I love him! He’s got social skills like mine and I feel comfortable saying whatever I need to to him. Thank you God! The surgeon that took out my kidney in 2003 was like that. He did a great job and he didn’t freak out when I told him I had opened my draining incision up a little more with an exacto blade I boiled. I couldn’t get the packing in. He reached in a drawer and handed me some presterilized scalpels. Then he told me a story about a crazy guy that removed his own adrenal gland using mirrors. The guy got one out but passed out trying to get the second one out. So when he came to, he drove himself to the hospital. It was a great story and right up my alley. God has always gotten me to the right doctor at the right time.
I’m still a little annoyed that Dr Nguyen didn’t mention the radiation option. I like having all the info and I wonder if there’s anything else I should know. I’m sure I gave him the impression that I would be in favor of surgery. It’s entirely scriptural…If thine eye or pulmonary nodule offend thee, pluck it out..or something like that in Judy’s Revised Version.

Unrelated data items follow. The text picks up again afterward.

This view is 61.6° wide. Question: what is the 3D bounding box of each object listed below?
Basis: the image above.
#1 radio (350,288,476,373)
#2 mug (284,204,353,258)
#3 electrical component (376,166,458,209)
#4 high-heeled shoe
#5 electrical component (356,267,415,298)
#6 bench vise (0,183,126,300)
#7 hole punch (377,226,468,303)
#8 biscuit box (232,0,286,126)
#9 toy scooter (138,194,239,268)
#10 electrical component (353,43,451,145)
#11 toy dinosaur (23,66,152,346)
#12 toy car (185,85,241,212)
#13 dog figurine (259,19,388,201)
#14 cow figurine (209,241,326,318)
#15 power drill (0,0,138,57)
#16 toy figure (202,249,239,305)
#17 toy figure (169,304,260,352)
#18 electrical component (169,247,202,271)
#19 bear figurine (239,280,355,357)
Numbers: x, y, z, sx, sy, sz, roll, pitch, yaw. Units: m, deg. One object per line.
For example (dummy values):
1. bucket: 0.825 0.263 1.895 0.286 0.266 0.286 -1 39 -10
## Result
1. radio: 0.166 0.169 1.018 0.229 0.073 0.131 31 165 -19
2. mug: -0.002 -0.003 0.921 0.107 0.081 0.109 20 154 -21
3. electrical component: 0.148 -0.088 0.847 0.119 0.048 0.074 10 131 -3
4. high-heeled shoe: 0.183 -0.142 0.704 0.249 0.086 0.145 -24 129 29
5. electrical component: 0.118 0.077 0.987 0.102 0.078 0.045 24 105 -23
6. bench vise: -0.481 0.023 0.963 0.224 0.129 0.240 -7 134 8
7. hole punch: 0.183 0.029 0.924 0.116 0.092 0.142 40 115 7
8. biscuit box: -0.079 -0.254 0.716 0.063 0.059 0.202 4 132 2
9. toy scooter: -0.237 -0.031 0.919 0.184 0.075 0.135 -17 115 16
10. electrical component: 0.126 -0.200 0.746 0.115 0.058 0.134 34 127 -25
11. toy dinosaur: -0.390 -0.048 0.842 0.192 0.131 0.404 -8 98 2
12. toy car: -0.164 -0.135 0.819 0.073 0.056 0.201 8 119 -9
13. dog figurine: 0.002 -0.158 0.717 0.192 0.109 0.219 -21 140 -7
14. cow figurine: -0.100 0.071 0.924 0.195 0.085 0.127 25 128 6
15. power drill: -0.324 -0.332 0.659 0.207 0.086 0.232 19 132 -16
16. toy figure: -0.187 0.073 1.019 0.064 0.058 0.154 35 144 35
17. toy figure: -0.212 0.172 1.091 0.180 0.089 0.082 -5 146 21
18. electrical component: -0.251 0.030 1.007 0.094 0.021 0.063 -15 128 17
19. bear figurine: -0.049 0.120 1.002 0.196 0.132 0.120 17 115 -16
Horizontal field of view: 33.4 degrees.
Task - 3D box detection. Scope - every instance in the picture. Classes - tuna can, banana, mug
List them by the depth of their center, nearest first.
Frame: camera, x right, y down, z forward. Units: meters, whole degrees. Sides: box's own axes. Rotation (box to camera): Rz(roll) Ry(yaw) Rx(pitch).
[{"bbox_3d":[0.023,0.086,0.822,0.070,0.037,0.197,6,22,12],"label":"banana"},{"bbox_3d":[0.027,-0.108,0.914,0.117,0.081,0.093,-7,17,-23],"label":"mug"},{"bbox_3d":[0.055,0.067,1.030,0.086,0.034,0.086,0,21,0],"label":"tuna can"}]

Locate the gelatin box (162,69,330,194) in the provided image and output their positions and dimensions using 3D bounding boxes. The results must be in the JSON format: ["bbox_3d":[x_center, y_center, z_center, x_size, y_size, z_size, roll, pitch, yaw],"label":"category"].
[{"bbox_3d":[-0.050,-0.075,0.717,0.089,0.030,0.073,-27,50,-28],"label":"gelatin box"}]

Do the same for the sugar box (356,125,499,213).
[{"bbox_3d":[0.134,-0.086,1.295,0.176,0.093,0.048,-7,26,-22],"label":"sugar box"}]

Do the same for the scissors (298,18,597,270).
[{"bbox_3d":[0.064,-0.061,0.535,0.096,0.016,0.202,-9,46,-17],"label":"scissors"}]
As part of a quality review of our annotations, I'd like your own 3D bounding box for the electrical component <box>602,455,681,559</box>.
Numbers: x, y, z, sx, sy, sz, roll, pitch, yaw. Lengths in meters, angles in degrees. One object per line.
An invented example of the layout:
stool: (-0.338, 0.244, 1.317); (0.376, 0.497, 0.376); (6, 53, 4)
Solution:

I’m too impatient for anything else.
August 2, 2016
They moved my surgical appt back to Wednesday morning. Yay!
August 2, 2016
After the end of The Summer Of Mexico I was primed and ready to jump into the The Season Of Cancer. I had my surgical consult scheduled for August 3rd and would jump into it with both feet.
So this morning Kaiser calls and reschedules my Wednesday appointment to Friday. For heaven’s sake, it’s only 2 days! *steps away to lay on the ground to kick and scream*
In my Strengths Finder test, one of my strengths was Activator. Looks like it’s also my weakness. Doing nothing is anathema but that’s what God wants so I’ll cool my jets, adjust the timeline in my PERT Chart and wait.
God’s purposes cannot be thwarted or rushed.
I’m going to need more popcorn.
August 1, 2016
I can’t believe it’s over. It was an awesome 5 weekends spread over a 6 week period. Months of preparation and hours of work and planning come to fruition. I know people were blessed. I hope most of all that God was glorified.
There was wonderful worship, deep fellowship and a couple of heart-breaking problems. I hugged a lot of people. I had to let go of things I couldn’t control which was just about everything and God never missed a thing.
I revealed to the general public that I have cancer. That went way better than I expected.
Physically I was about as useless as I could be. But, I have never felt so used of God in my life. In my greatest physical weakness God’s strength was made perfect.
I even felt loved on occasion which is tremendously scary.
They team did some amazing ministry at the orphanage and in the valley surrounding it. I helped get them all there so that’s something I guess.
I am very happy. I thought I’d be depressed after it was all over. I’m not. I hope with my whole heart that God lets me stay useful. I know I’ll probably never again be as busy as I have been these last few months but I hope He gives me purpose.
You’re never poor if you’ve got something to give away.
God will take care of me like He always has.